Promising Results and Future Directions
archyde: What’s next for this exciting research? How do you envision this approach being extended to other rare mutations?
Dr.Learner: We’re currently collaborating with the National Cardiovascular Research Center in Spain to evaluate risedronate’s efficacy in treating families with the K210del mutation.Simultaneously, we’re preparing for a clinical trial at the Sarver Heart Center. Moreover, we’re exploring other FDA-approved drugs and even a vast library of untested molecules to find more structure-correcting therapies. Ultimately, our goal is to develop a program that matches either FDA-approved drugs or new molecules to patients with rare cardiovascular disorders.

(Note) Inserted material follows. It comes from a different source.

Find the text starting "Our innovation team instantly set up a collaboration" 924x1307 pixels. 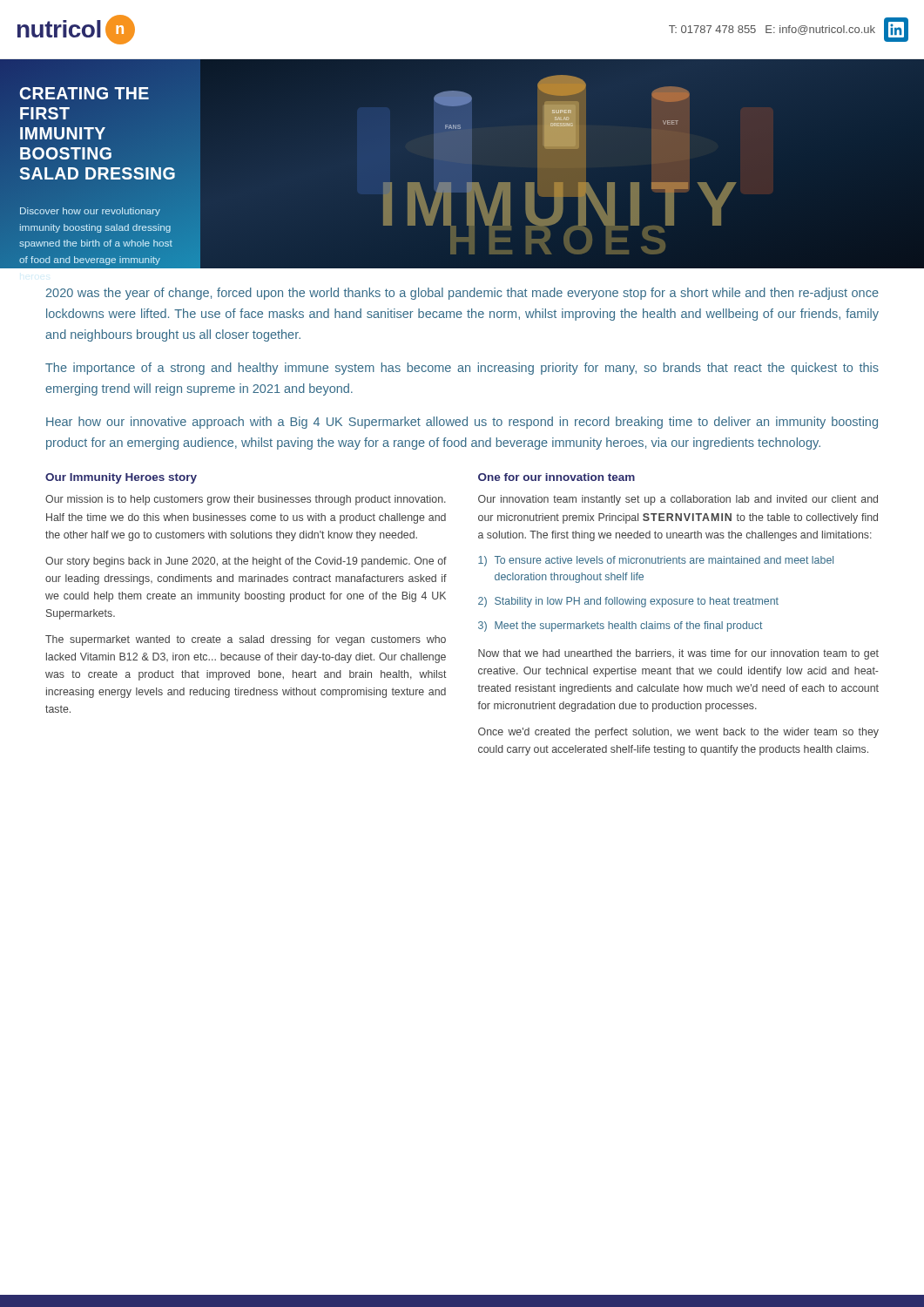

Archyde: In closing, what message would you like patients and families affected by these rare mutations to take away from your groundbreaking work?
Dr. Learner: Despite the rarity of these mutations, we are committed to finding targeted treatments. Our discovery is just the beginning, and we’re hopeful that our approach can lead to more personalized therapies for all affected by rare heart diseases.